Configuring Global Auditing Settings via VAST Web UI

  1. From the left navigation menu, select Settings and then Auditing.

  2. Complete the General Settings:

    Audit directory name

    Specify a name for the audit directory. A directory of this name will be created directly under the root directory of the default tenant in the Element Store. Audit records are written to this directory.

    The default is .vast_audit_dir.

    Read-access Users

    List users to grant them read access to all files in the audit directory.

    Specify each user by user name. Enter a comma to start entering a new user. Each user name appears with a removal button so that you can remove if needed while you are editing the field.

    Tip

    To make the audit directory accessible to clients, create a view on the directory.

    Read-access Groups

    List groups to grant them read access to all files in the audit directory.
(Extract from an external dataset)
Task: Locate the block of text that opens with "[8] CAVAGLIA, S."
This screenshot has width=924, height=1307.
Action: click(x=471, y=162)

    Specify each group by group name. Enter a comma to start entering a new group. Each group name appears with a removal button so that you can remove if needed while you are editing the field.

    Tip

    To make the audit directory accessible to clients, create a view on the directory.

    Max audit file size

    The maximum size of each file of audit records in the audit directory. Audit records are written to subdirectories of the audit directory per CNode core. Records written to each directory roll over to a new file when the file reaches this size.
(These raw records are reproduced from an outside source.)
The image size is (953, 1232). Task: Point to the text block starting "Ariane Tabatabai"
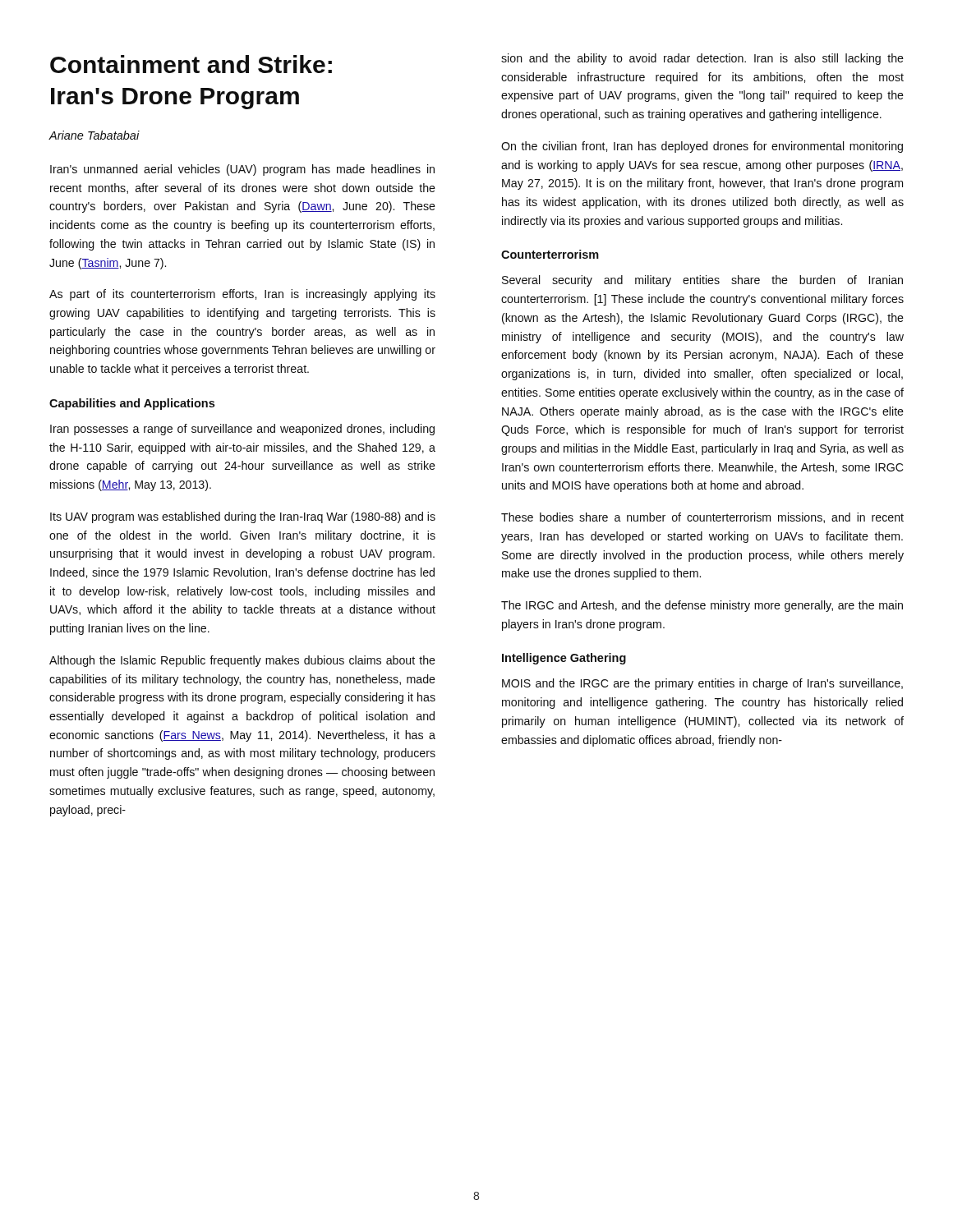[94, 135]
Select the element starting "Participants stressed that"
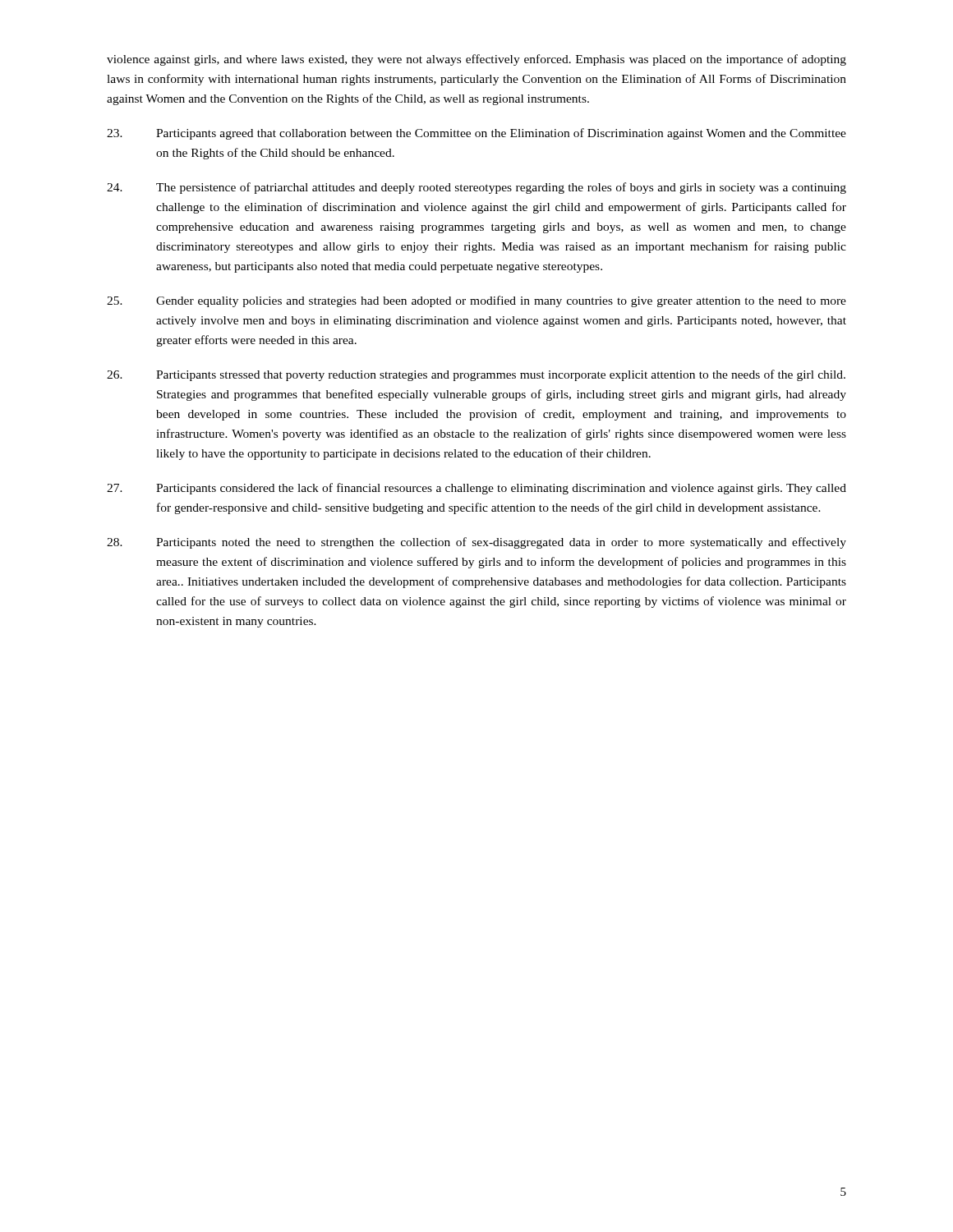Viewport: 953px width, 1232px height. (x=476, y=414)
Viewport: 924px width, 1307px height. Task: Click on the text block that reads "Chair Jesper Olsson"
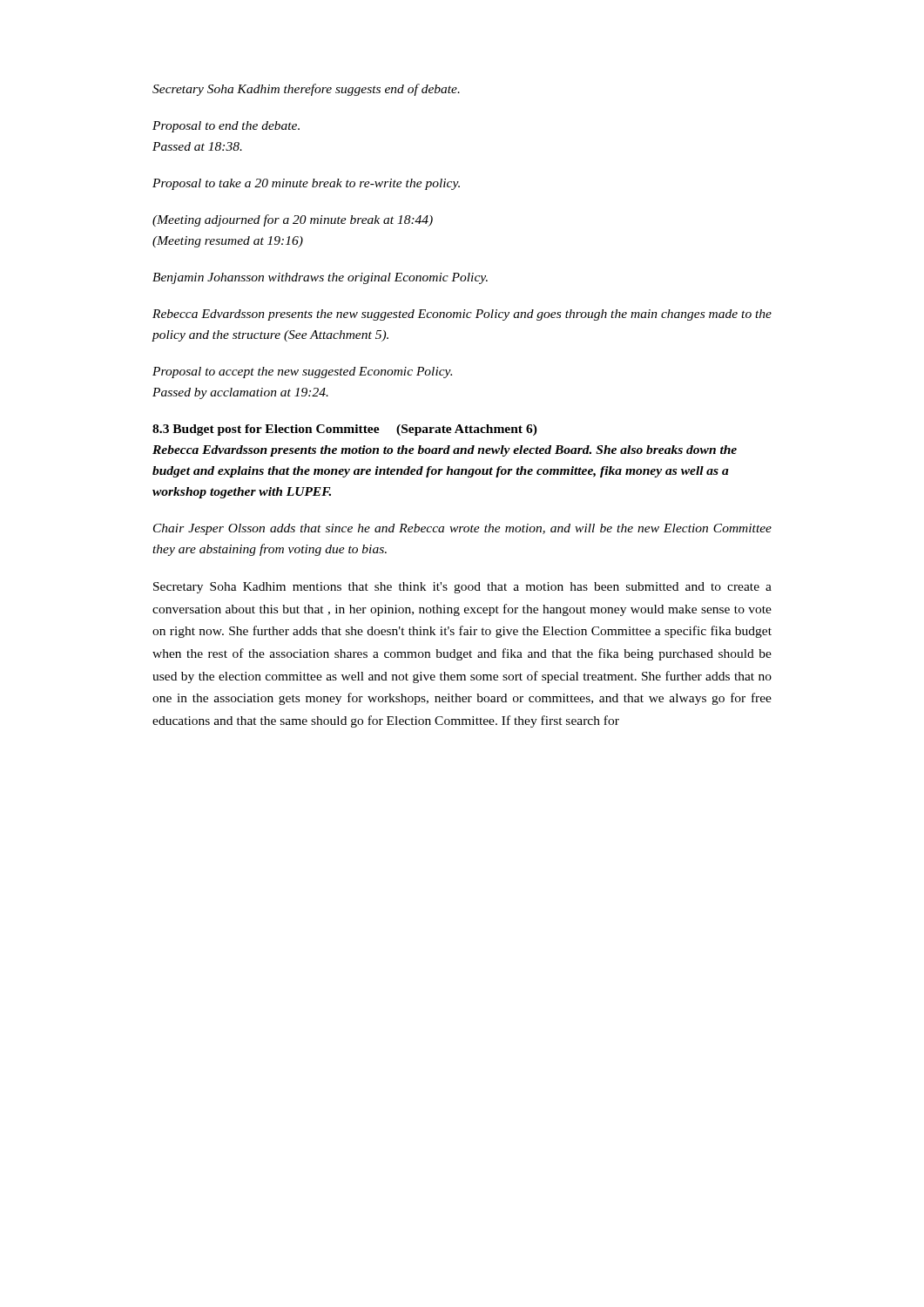[x=462, y=538]

    This setting limits the size of each audit file, but it does not limit the total size of all audit files.

    Specify the value with units of MB, GB, TB and so on.

    Default: 1024 MB

    Maximum audit directory size

    The maximum size of each file of audit records. Audit records are written to subdirectories of the audit directory per CNode core. Records written to each directory roll over to a new file when the file reaches this size.
    This setting limits the size of each audit file, but it does not limit the total size of all audit files.
    Specify the value with units of MB, GB, TB and so on.
    Default: 1024 MB

  3. Under Define retention period, select one of the following:

    • Keep Forever. Audit files are kept for an unlimited period of time.

    • Define Manually (default). Choose this option to manually set the retention period for keeping audit files. Enter an integer and select the unit of measurement from the dropdown. The default is one hour.
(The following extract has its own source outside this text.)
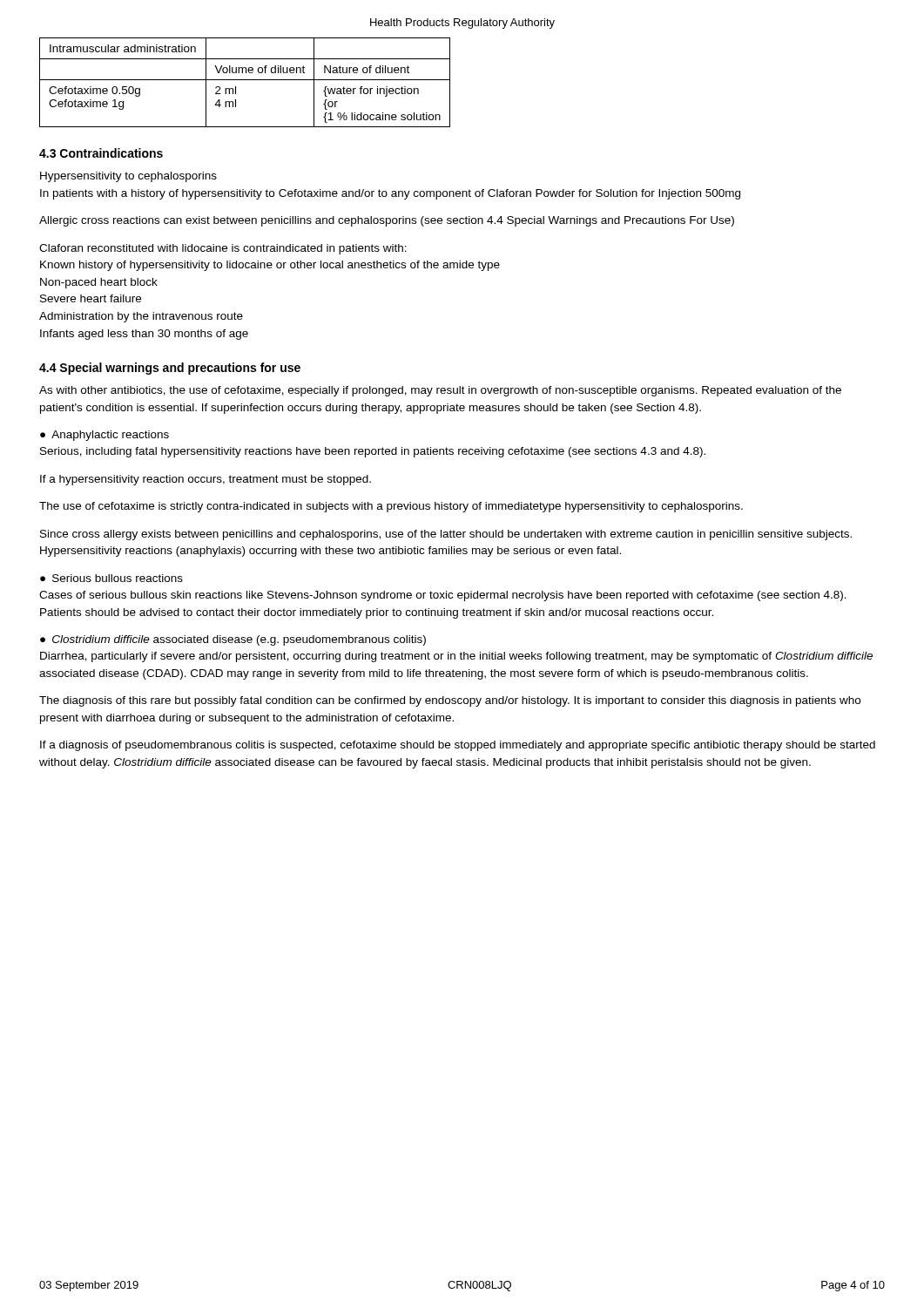Point to the block beginning "If a hypersensitivity reaction"
924x1307 pixels.
point(205,479)

  4. Under Global Baseline Audit Settings, optionally set auditing settings to apply globally to all views. Any settings that you do not enable here can be set per view policy. Settings that you do enable here will apply to all views, even if the view policy does not have these settings.

    1. Set the Enable slider to the ON position. Default global audit settings are now enabled.

    2. From the Select protocols to assign operations dropdown, select one or more protocols to enable auditing of protocol operations. The following protocols are supported: NFSv3, NFSv4.1, SMB and S3.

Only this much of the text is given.